Graves’ disease is an autoimmune disorder in which antibodies target the thyrotropin receptor, resulting in overproduction of thyroid hormone and hyperplasia of the thyroid gland. Common manifestations include weight loss, heat intolerance, anxiety, tremor, diarrhea, and palpitations. Graves’ disease can be treated with antithyroid medications, radioiodine ablation, or surgery.

Though these two conditions are not often seen together, myasthenia gravis is present in 0.2% of patients with Graves’ disease, and conversely Graves’ disease is present in 5-10% of patients with myasthenia gravis. The presentation of these disorders is very similar. Muscle weakness, diplopia, and weight loss are common in both diseases. However, the presentation of myasthenia gravis generally lacks diarrhea, heat intolerance, and anxiety. If they are present it warrants a workup for hyperthyroidism in a patient with myasthenia gravis. Similarly dysarthria and respiratory muscle weakness, are symptoms that are not typically seen in hyperthyroidism. The presence of these symptoms warrant a workup for myasthenia gravis in a patients with Graves’ disease.

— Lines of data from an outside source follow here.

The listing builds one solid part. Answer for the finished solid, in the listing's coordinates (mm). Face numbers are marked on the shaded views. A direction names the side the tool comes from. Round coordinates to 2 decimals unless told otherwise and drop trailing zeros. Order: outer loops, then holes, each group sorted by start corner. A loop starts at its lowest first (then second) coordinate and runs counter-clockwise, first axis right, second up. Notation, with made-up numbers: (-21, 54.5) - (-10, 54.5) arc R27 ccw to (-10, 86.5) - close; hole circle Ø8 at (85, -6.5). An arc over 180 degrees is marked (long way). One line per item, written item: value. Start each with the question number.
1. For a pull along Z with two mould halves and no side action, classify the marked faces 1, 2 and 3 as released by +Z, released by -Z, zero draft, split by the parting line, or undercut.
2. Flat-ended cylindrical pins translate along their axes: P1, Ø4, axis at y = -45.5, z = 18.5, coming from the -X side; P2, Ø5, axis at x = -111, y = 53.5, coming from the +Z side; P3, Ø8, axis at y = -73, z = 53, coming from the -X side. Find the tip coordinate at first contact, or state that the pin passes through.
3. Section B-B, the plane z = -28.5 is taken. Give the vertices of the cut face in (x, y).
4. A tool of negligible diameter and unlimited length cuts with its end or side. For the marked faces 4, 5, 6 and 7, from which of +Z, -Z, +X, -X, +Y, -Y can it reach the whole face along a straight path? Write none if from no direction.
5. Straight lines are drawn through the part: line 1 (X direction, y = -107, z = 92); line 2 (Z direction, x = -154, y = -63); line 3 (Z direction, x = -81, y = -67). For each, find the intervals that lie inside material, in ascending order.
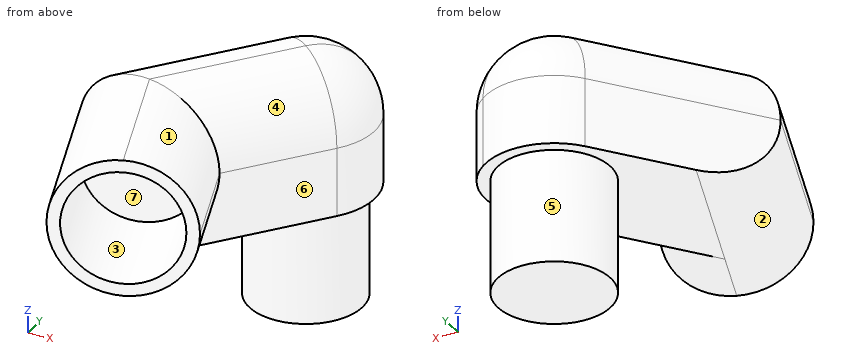
from build123d import *

# Parameters (mm, degrees)
BOSS_EXTRUDE1_DEPTH = 123.444
FILLET1_R           = 61.722
FILLET2_R           = 61.722
SKETCH3_R           = 50.800000000000004
BOSS_EXTRUDE2_DEPTH = 101.6
SKETCH4_R           = 50.8
CUT_EXTRUDE1_DEPTH  = 101.6


with BuildPart() as part:
    # Sketch1 → Boss-Extrude1 (new body)
    with BuildSketch(Plane.XY):
        Polygon((-61.2603734439835, -19.761410788381728), (38.88466731371064, 109.25427234990879), (-58.62951931958517, 184.9471025337958), (-200.27811700244362, 2.4628730865096857), (-144.02441960258417, -155.04747963309688), (-27.772031067671065, -113.52876944205649), align=None)
    extrude(amount=BOSS_EXTRUDE1_DEPTH)

    # Fillet1
    fillet1_edges = [part.edges().sort_by_distance(p)[0] for p in [
        (-44.51620225582728, -66.6450901152191, 123.444),
        (-172.1512683025139, -76.2923032732936, 123.444),
        (-172.1512683025139, -76.2923032732936, 0),
        (-44.51620225582728, -66.6450901152191, 0),
        (-11.187853065136423, 44.74643078076353, 123.444),
        (-129.4538181610144, 93.70498781015274, 123.444),
    ]]
    fillet(fillet1_edges, radius=FILLET1_R - 0.0001)  # a hair under: the kernel refuses the full size

    # Fillet2
    fillet2_edges = [part.edges().sort_by_distance(p)[0] for p in [
        (-58.62951931958517, 184.9471025337958, 30.861050000000017),
        (38.88466731371064, 109.25427234990879, 30.86105000000001),
        (24.604068449214424, 120.33921272724501, 105.36607403771798),
        (-44.34892045508896, 173.86216215645953, 105.366074037718),
    ]]
    fillet(fillet2_edges, radius=FILLET2_R - 0.0001)  # a hair under: the kernel refuses the full size

    # Sketch3 → Boss-Extrude2 (add)
    with BuildSketch(Plane(origin=(0, 0, 0), x_dir=(-1, 0, 0), z_dir=(0, 0, -1))):
        with Locations(Location((47.71884109488077, 98.3435941252044, 0), (0, 0, 180))):
            Circle(SKETCH3_R)
    extrude(amount=BOSS_EXTRUDE2_DEPTH)

    # Sketch4 → Cut-Extrude1 (cut)
    with BuildSketch(Plane(origin=(32.81770626358453, -91.88957753803668, 0), x_dir=(0.9417419115948374, 0.3363363969981563, 0), z_dir=(0.3363363969981563, -0.9417419115948374, 0))):
        with Locations((-126.05994289631548, 61.722)):
            Circle(SKETCH4_R)
    extrude(amount=-CUT_EXTRUDE1_DEPTH, mode=Mode.SUBTRACT)


solid = part.part
Answer list:
1. face 1: released by +Z
1. face 2: released by -Z
1. face 3: undercut
2. P1: stops at x = -166.52
2. P2: stops at z = 120.12
2. P3: stops at x = -174.2
3. outline: circle Ø101.6 at (-47.72, 98.34)
4. face 4: +Z, +X
4. face 5: -Z
4. face 6: -Z, +X
4. face 7: none
5. line 1: x = -152.76 to -138.96, -52.33 to -38.53
5. line 2: z = 14.85 to 30.61, 92.83 to 108.59
5. line 3: z = 6.34 to 18.85, 104.6 to 117.11

Conclusions: The co-presentation of myasthenia gravis and Graves’ disease can make the diagnosis of one or the other more difficult. These cases are presented in order to highlight that the presentation of one of these conditions in a patient can obscure the diagnosis of the other condition. If the diagnosis of these conditions is delayed, it can increase the morbidity to the patient.